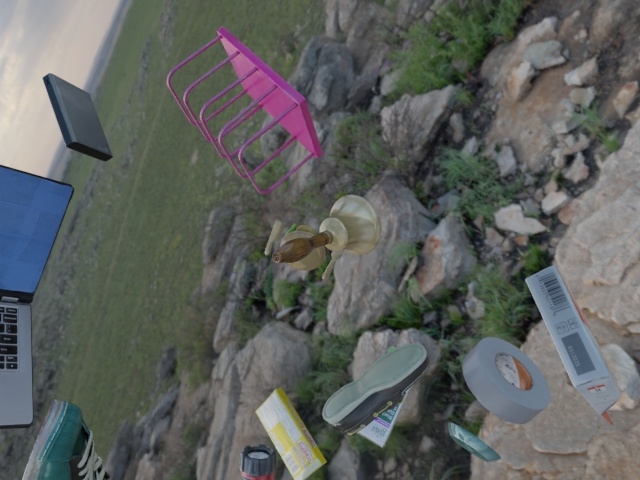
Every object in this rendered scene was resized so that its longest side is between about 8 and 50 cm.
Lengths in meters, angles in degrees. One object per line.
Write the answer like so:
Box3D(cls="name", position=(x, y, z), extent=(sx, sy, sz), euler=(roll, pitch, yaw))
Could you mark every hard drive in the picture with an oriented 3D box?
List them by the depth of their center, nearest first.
Box3D(cls="hard drive", position=(-0.409, -0.205, 0.867), extent=(0.022, 0.094, 0.135), euler=(-27, 77, 12))

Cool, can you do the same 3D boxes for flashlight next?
Box3D(cls="flashlight", position=(-0.179, 0.724, 1.401), extent=(0.103, 0.103, 0.305), euler=(-21, -64, -88))

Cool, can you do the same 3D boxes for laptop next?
Box3D(cls="laptop", position=(-0.638, 0.080, 0.852), extent=(0.236, 0.381, 0.408), euler=(-38, 56, 28))

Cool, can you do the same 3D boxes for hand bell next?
Box3D(cls="hand bell", position=(0.000, 0.000, 0.954), extent=(0.126, 0.242, 0.126), euler=(13, 113, 34))

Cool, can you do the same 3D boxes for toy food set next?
Box3D(cls="toy food set", position=(-0.043, 0.020, 1.357), extent=(0.039, 0.191, 0.133), euler=(-68, 3, -58))

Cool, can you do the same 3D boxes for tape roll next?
Box3D(cls="tape roll", position=(0.479, 0.358, 1.328), extent=(0.072, 0.219, 0.219), euler=(-59, 29, 33))

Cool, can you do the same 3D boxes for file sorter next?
Box3D(cls="file sorter", position=(-0.169, -0.274, 1.130), extent=(0.182, 0.202, 0.291), euler=(-40, 66, -8))

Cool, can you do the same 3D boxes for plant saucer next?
Box3D(cls="plant saucer", position=(0.309, 0.417, 1.048), extent=(0.021, 0.119, 0.119), euler=(-52, 26, -16))

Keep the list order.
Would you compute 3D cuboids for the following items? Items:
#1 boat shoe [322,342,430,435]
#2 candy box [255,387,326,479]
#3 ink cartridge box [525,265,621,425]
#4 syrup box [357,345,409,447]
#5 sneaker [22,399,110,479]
Box3D(cls="boat shoe", position=(0.110, 0.270, 0.928), extent=(0.227, 0.069, 0.081), euler=(-38, 19, 15))
Box3D(cls="candy box", position=(-0.075, 0.473, 1.246), extent=(0.105, 0.027, 0.206), euler=(-49, 63, 27))
Box3D(cls="ink cartridge box", position=(0.322, 0.132, 0.624), extent=(0.045, 0.179, 0.146), euler=(-31, 45, 25))
Box3D(cls="syrup box", position=(0.176, 0.414, 1.358), extent=(0.237, 0.093, 0.096), euler=(-59, -18, -20))
Box3D(cls="sneaker", position=(-0.357, 0.347, 0.747), extent=(0.108, 0.120, 0.302), euler=(-101, 28, -55))
+ + +
== TASK OBJECTIVE ==
Take the material above from its first line through the line holding "euler=(roll, pitch, yaw))" and set it down exactly, without the pictures.

== ANSWER SPACE ==
Every object in this rendered scene was resized so that its longest side is between about 8 and 50 cm.
Lengths in meters, angles in degrees. One object per line.
Write the answer like so:
Box3D(cls="name", position=(x, y, z), extent=(sx, sy, sz), euler=(roll, pitch, yaw))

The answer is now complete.